University of Minnesota President Eric Kaler’s flip-flop in strategy for selecting his next athletic director should come as no surprise for those who follow college athletics.

Schools love to use expensive search firms in hiring key athletic positions and coaches. Maybe they think it provides them cover if things go south with the hire.

Kaler is no different in his affinity for outside help, even though he stated two months ago that he was leaning against using a search firm this time after the last one recommended Norwood Teague for the job.

One benefit of a search firm is a guarantee of confidentiality to candidates who want to keep their interest private for obvious reasons.

But Kaler’s desire to use a search firm again seems like a waste of money, because viable candidates should be easy to find.

Interim AD Beth Goetz announced Friday that she officially will pursue the job. She has a fan in Kaler and internal support of staffers. She has essentially been given one school year to prove herself.

Goetz held the title of deputy athletics director from 2013 until replacing Teague on an interim basis last August. She previously held a senior management position in Butler’s athletic department.

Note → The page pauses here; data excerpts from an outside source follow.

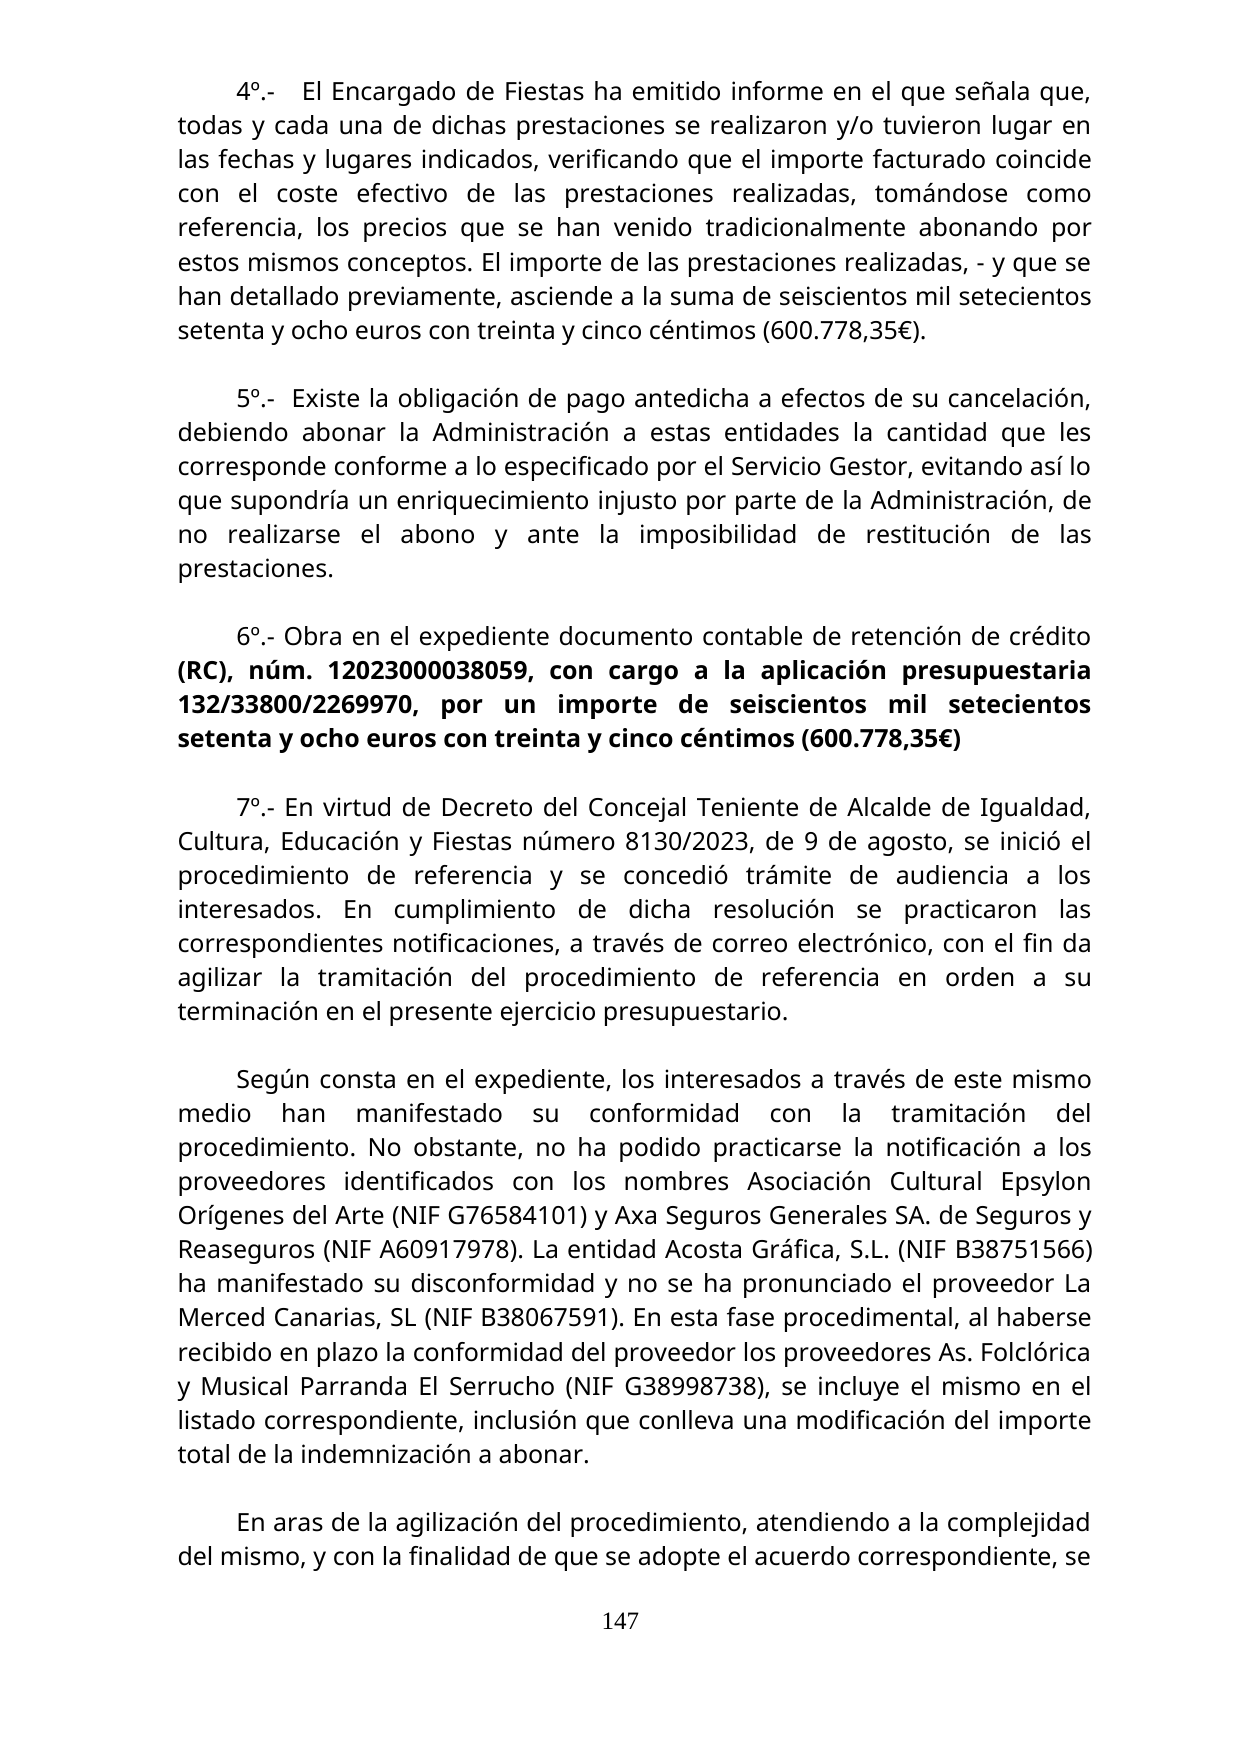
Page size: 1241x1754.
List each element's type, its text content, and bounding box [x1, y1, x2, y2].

text 7º.- En virtud de Decreto del Concejal Teniente de Alcalde de Igualdad, Cultura, Educación y Fiestas número 8130/2023, de 9 de agosto, se inició el procedimiento de referencia y se concedió trámite de audiencia a los interesados. En cumplimiento de dicha resolución se practicaron las correspondientes notificaciones, a través de correo electrónico, con el fin da agilizar la tramitación del procedimiento de referencia en orden a su terminación en el presente ejercicio presupuestario. [177, 789, 1093, 1028]
text 6º.- Obra en el expediente documento contable de retención de crédito (RC), núm. 12023000038059, con cargo a la aplicación presupuestaria 132/33800/2269970, por un importe de seiscientos mil setecientos setenta y ocho euros con treinta y cinco céntimos (600.778,35€) [177, 619, 1093, 755]
text Según consta en el expediente, los interesados a través de este mismo medio han manifestado su conformidad con la tramitación del procedimiento. No obstante, no ha podido practicarse la notificación a los proveedores identificados con los nombres Asociación Cultural Epsylon Orígenes del Arte (NIF G76584101) y Axa Seguros Generales SA. de Seguros y Reaseguros (NIF A60917978). La entidad Acosta Gráfica, S.L. (NIF B38751566) ha manifestado su disconformidad y no se ha pronunciado el proveedor La Merced Canarias, SL (NIF B38067591). En esta fase procedimental, al haberse recibido en plazo la conformidad del proveedor los proveedores As. Folclórica y Musical Parranda El Serrucho (NIF G38998738), se incluye el mismo en el listado correspondiente, inclusión que conlleva una modificación del importe total de la indemnización a abonar. [177, 1062, 1093, 1470]
text 5º.- Existe la obligación de pago antedicha a efectos de su cancelación, debiendo abonar la Administración a estas entidades la cantidad que les corresponde conforme a lo especificado por el Servicio Gestor, evitando así lo que supondría un enriquecimiento injusto por parte de la Administración, de no realizarse el abono y ante la imposibilidad de restitución de las prestaciones. [177, 380, 1093, 585]
text 4º.- El Encargado de Fiestas ha emitido informe en el que señala que, todas y cada una de dichas prestaciones se realizaron y/o tuvieron lugar en las fechas y lugares indicados, verificando que el importe facturado coincide con el coste efectivo de las prestaciones realizadas, tomándose como referencia, los precios que se han venido tradicionalmente abonando por estos mismos conceptos. El importe de las prestaciones realizadas, - y que se han detallado previamente, asciende a la suma de seiscientos mil setecientos setenta y ocho euros con treinta y cinco céntimos (600.778,35€). [177, 74, 1093, 346]
text En aras de la agilización del procedimiento, atendiendo a la complejidad del mismo, y con la finalidad de que se adopte el acuerdo correspondiente, se [177, 1504, 1093, 1573]
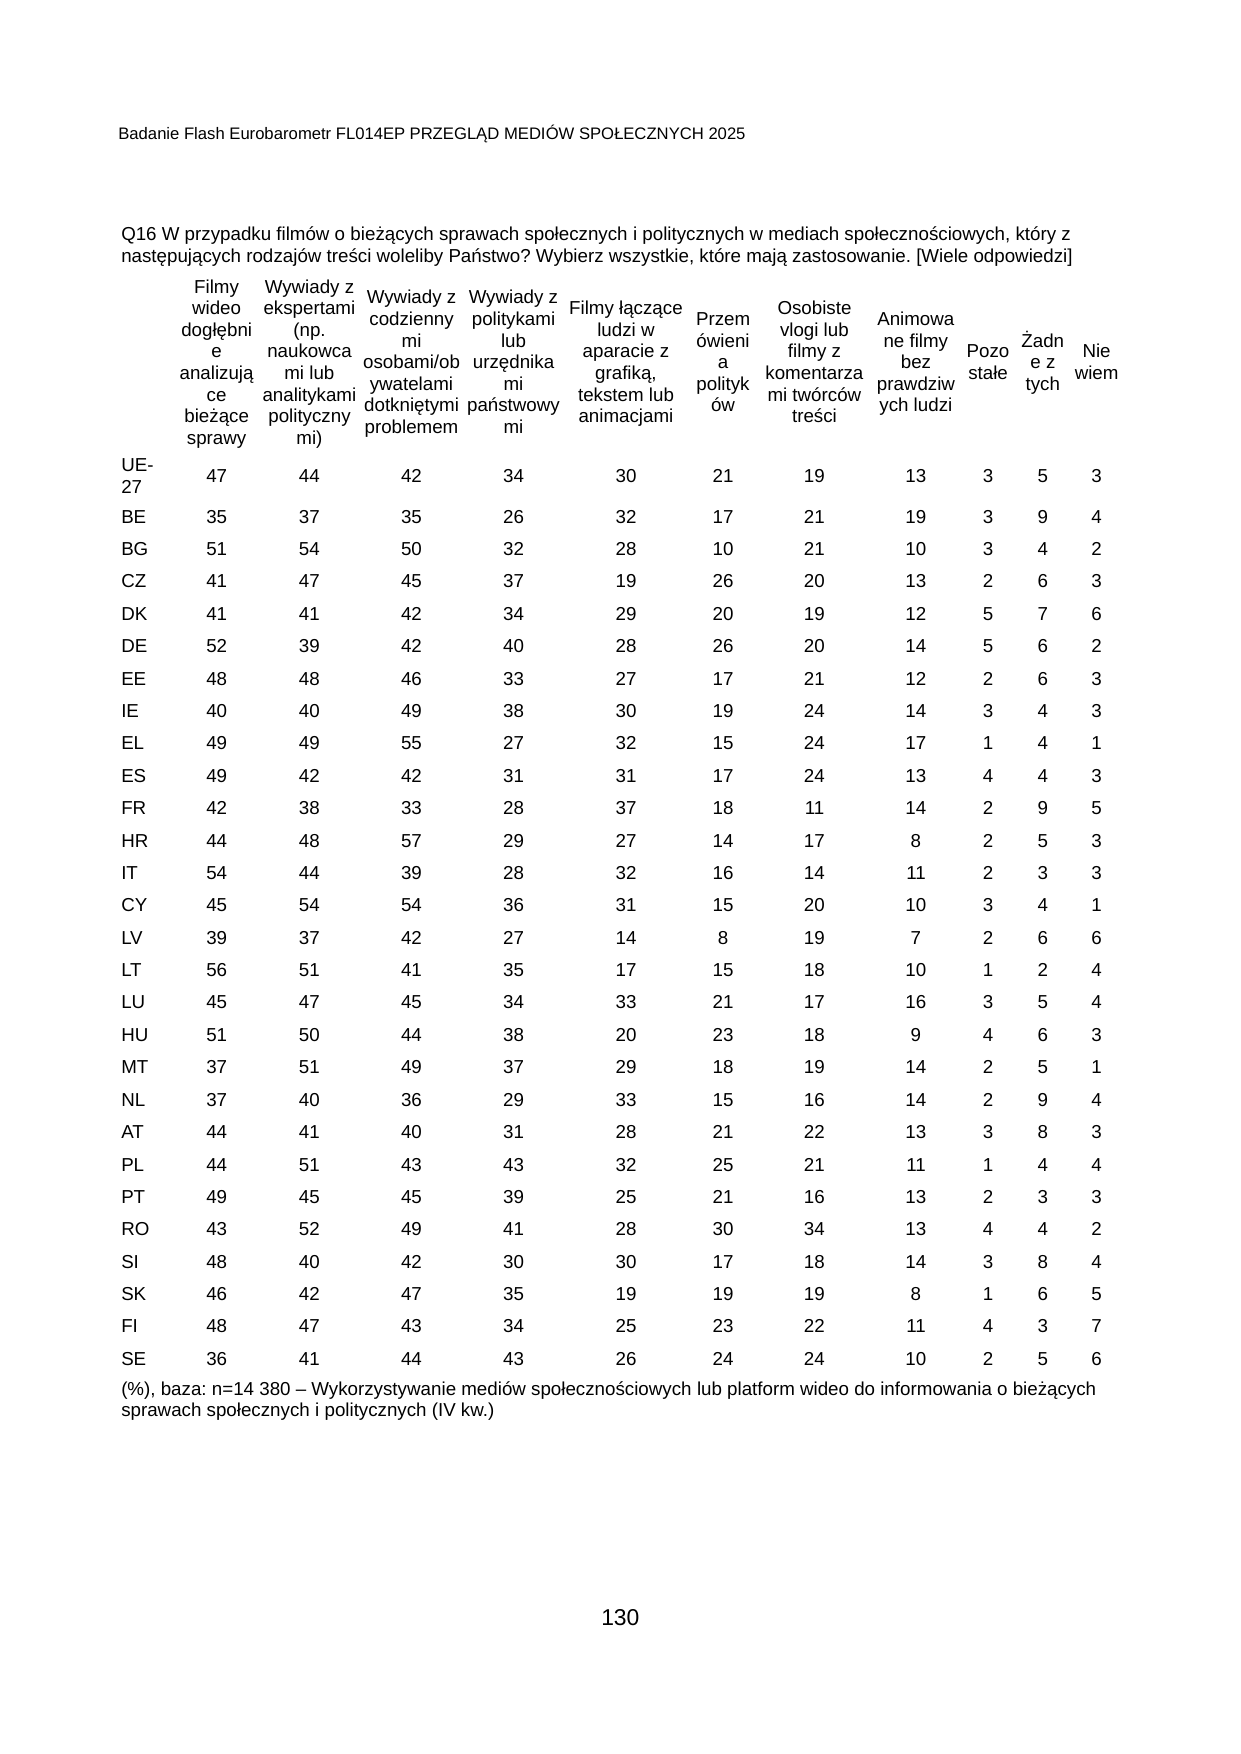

Goetz has impressed high-ranking university officials with her handling of a difficult situation, but this job search should not be a charade with Goetz being rubber-stamped.

Other strong candidates with impressive credentials are out there and probably interested. Here are four people the university should pursue in seeking a competitive field of candidates:

 1. Craig Thompson, Mountain West Conference commissioner

Thompson would be my first call. He graduated from Minnesota and loves his alma mater. Absolutely loves it.

If he says no the first time, ask again.

Thompson has never been an athletic director, but he has served as a conference commissioner for more than 25 years.

He has intimate experience negotiating lucrative TV contracts. He knows what it takes to make difficult, unpopular decisions. He is well-versed in navigating political land mines in college athletics.

He probably wouldn’t want a dog-and-pony search process because of his highly visible position.

If I’m Kaler, I make Thompson tell me no. More than once.

2. Phil Esten, deputy director of athletics and chief operating officer for intercollegiate athletics at Penn State

Esten graduated from St. Thomas and earned his doctorate from Minnesota. He worked on Joel Maturi’s senior management team and was point person for construction of TCF Bank Stadium.

Esten later served as president and CEO of the University of Minnesota Alumni Association.

Esten has held senior athletic administrative positions at Cal and Penn State since leaving Dinkytown.

Esten knows the landscape and challenges at Minnesota. He knows boosters and alumni. He knows the Big Ten. This would be a destination job for him.

He’s ready to lead a Power Five athletic department, here or elsewhere.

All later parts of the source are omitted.